* [Task data]
========================================
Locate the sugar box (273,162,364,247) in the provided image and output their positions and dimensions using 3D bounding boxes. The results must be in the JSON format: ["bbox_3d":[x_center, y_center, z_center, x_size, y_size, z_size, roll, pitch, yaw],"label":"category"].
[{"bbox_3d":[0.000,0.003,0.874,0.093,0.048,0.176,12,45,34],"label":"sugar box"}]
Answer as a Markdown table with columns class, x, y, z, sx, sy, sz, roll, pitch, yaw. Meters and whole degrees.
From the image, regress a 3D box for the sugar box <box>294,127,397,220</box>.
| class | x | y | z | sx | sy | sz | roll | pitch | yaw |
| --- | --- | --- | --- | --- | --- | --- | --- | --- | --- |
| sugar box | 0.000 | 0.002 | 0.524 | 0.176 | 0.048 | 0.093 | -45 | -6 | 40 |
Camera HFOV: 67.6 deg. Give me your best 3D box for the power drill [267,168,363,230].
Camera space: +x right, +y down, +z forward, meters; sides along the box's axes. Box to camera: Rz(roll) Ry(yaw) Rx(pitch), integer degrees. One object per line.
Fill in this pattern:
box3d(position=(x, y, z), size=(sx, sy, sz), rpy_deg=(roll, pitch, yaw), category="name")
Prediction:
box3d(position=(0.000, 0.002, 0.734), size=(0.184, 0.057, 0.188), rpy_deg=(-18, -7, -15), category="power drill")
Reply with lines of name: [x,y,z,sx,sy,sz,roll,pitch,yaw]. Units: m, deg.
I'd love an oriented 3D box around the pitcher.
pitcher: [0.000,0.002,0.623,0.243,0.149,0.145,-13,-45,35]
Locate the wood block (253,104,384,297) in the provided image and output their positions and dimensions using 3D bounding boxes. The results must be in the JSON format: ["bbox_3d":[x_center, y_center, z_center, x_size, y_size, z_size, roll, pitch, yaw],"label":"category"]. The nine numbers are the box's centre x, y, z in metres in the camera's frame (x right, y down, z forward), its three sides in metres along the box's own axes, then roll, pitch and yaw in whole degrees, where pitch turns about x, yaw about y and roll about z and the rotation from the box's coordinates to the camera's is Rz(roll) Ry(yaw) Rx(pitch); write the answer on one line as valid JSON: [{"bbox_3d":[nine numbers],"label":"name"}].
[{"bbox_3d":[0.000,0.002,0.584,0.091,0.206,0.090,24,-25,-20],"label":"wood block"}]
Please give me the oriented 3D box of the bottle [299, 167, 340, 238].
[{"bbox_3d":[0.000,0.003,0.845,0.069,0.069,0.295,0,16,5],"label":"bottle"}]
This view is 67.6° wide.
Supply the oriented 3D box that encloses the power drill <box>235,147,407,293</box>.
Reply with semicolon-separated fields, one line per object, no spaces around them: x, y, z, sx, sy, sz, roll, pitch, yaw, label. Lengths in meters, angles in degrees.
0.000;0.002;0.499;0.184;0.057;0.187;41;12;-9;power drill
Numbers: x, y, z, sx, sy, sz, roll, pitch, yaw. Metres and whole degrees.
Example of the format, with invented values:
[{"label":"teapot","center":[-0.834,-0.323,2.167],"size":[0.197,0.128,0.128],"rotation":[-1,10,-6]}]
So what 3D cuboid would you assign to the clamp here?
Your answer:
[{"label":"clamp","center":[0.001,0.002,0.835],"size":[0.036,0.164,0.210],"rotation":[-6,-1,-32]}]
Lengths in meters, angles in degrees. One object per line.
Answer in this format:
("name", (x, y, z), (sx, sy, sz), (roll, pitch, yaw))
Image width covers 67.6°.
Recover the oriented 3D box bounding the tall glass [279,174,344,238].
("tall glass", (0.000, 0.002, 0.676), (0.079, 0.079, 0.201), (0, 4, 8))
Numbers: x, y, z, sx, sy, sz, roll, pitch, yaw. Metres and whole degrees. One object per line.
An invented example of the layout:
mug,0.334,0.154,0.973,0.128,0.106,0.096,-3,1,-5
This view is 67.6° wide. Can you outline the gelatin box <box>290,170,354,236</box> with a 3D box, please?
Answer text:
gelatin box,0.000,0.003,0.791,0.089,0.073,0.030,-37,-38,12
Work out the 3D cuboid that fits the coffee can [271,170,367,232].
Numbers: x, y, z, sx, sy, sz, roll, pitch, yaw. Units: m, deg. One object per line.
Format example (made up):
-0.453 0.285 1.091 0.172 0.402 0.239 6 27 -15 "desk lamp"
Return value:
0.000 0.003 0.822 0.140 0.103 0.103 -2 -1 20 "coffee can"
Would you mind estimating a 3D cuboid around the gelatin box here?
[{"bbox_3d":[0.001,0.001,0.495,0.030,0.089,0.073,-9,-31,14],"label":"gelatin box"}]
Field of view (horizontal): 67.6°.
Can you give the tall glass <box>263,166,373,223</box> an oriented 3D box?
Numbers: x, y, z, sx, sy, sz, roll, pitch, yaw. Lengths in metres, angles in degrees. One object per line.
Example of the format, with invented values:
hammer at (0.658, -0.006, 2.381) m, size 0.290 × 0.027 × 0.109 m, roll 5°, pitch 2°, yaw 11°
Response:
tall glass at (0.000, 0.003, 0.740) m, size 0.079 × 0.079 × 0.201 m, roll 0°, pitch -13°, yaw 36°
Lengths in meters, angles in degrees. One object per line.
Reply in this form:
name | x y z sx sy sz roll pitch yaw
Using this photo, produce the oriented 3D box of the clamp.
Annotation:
========================================
Transcribe the material exactly, so that no line is lost or altered.

Locate the sugar box (273,162,364,247) in the provided image and output their positions and dimensions using 3D bounding boxes. The results must be in the JSON format: ["bbox_3d":[x_center, y_center, z_center, x_size, y_size, z_size, roll, pitch, yaw],"label":"category"].
[{"bbox_3d":[0.000,0.003,0.874,0.093,0.048,0.176,12,45,34],"label":"sugar box"}]
Answer as a Markdown table with columns class, x, y, z, sx, sy, sz, roll, pitch, yaw. Meters and whole degrees.
From the image, regress a 3D box for the sugar box <box>294,127,397,220</box>.
| class | x | y | z | sx | sy | sz | roll | pitch | yaw |
| --- | --- | --- | --- | --- | --- | --- | --- | --- | --- |
| sugar box | 0.000 | 0.002 | 0.524 | 0.176 | 0.048 | 0.093 | -45 | -6 | 40 |
Camera HFOV: 67.6 deg. Give me your best 3D box for the power drill [267,168,363,230].
Camera space: +x right, +y down, +z forward, meters; sides along the box's axes. Box to camera: Rz(roll) Ry(yaw) Rx(pitch), integer degrees. One object per line.
Fill in this pattern:
box3d(position=(x, y, z), size=(sx, sy, sz), rpy_deg=(roll, pitch, yaw), category="name")
Prediction:
box3d(position=(0.000, 0.002, 0.734), size=(0.184, 0.057, 0.188), rpy_deg=(-18, -7, -15), category="power drill")
Reply with lines of name: [x,y,z,sx,sy,sz,roll,pitch,yaw]. Units: m, deg.
I'd love an oriented 3D box around the pitcher.
pitcher: [0.000,0.002,0.623,0.243,0.149,0.145,-13,-45,35]
Locate the wood block (253,104,384,297) in the provided image and output their positions and dimensions using 3D bounding boxes. The results must be in the JSON format: ["bbox_3d":[x_center, y_center, z_center, x_size, y_size, z_size, roll, pitch, yaw],"label":"category"]. The nine numbers are the box's centre x, y, z in metres in the camera's frame (x right, y down, z forward), its three sides in metres along the box's own axes, then roll, pitch and yaw in whole degrees, where pitch turns about x, yaw about y and roll about z and the rotation from the box's coordinates to the camera's is Rz(roll) Ry(yaw) Rx(pitch); write the answer on one line as valid JSON: [{"bbox_3d":[nine numbers],"label":"name"}].
[{"bbox_3d":[0.000,0.002,0.584,0.091,0.206,0.090,24,-25,-20],"label":"wood block"}]
Please give me the oriented 3D box of the bottle [299, 167, 340, 238].
[{"bbox_3d":[0.000,0.003,0.845,0.069,0.069,0.295,0,16,5],"label":"bottle"}]
This view is 67.6° wide.
Supply the oriented 3D box that encloses the power drill <box>235,147,407,293</box>.
Reply with semicolon-separated fields, one line per object, no spaces around them: x, y, z, sx, sy, sz, roll, pitch, yaw, label. Lengths in meters, angles in degrees.
0.000;0.002;0.499;0.184;0.057;0.187;41;12;-9;power drill
Numbers: x, y, z, sx, sy, sz, roll, pitch, yaw. Metres and whole degrees.
Example of the format, with invented values:
[{"label":"teapot","center":[-0.834,-0.323,2.167],"size":[0.197,0.128,0.128],"rotation":[-1,10,-6]}]
So what 3D cuboid would you assign to the clamp here?
Your answer:
[{"label":"clamp","center":[0.001,0.002,0.835],"size":[0.036,0.164,0.210],"rotation":[-6,-1,-32]}]
Lengths in meters, angles in degrees. One object per line.
Answer in this format:
("name", (x, y, z), (sx, sy, sz), (roll, pitch, yaw))
Image width covers 67.6°.
Recover the oriented 3D box bounding the tall glass [279,174,344,238].
("tall glass", (0.000, 0.002, 0.676), (0.079, 0.079, 0.201), (0, 4, 8))
Numbers: x, y, z, sx, sy, sz, roll, pitch, yaw. Metres and whole degrees. One object per line.
An invented example of the layout:
mug,0.334,0.154,0.973,0.128,0.106,0.096,-3,1,-5
This view is 67.6° wide. Can you outline the gelatin box <box>290,170,354,236</box> with a 3D box, please?
Answer text:
gelatin box,0.000,0.003,0.791,0.089,0.073,0.030,-37,-38,12
Work out the 3D cuboid that fits the coffee can [271,170,367,232].
Numbers: x, y, z, sx, sy, sz, roll, pitch, yaw. Units: m, deg. One object per line.
Format example (made up):
-0.453 0.285 1.091 0.172 0.402 0.239 6 27 -15 "desk lamp"
Return value:
0.000 0.003 0.822 0.140 0.103 0.103 -2 -1 20 "coffee can"
Would you mind estimating a 3D cuboid around the gelatin box here?
[{"bbox_3d":[0.001,0.001,0.495,0.030,0.089,0.073,-9,-31,14],"label":"gelatin box"}]
Field of view (horizontal): 67.6°.
Can you give the tall glass <box>263,166,373,223</box> an oriented 3D box?
Numbers: x, y, z, sx, sy, sz, roll, pitch, yaw. Lengths in metres, angles in degrees. One object per line.
Example of the format, with invented values:
hammer at (0.658, -0.006, 2.381) m, size 0.290 × 0.027 × 0.109 m, roll 5°, pitch 2°, yaw 11°
Response:
tall glass at (0.000, 0.003, 0.740) m, size 0.079 × 0.079 × 0.201 m, roll 0°, pitch -13°, yaw 36°
Lengths in meters, angles in degrees. One object per line.
Reply in this form:
name | x y z sx sy sz roll pitch yaw
Using this photo, produce the oriented 3D box of the clamp.
Annotation:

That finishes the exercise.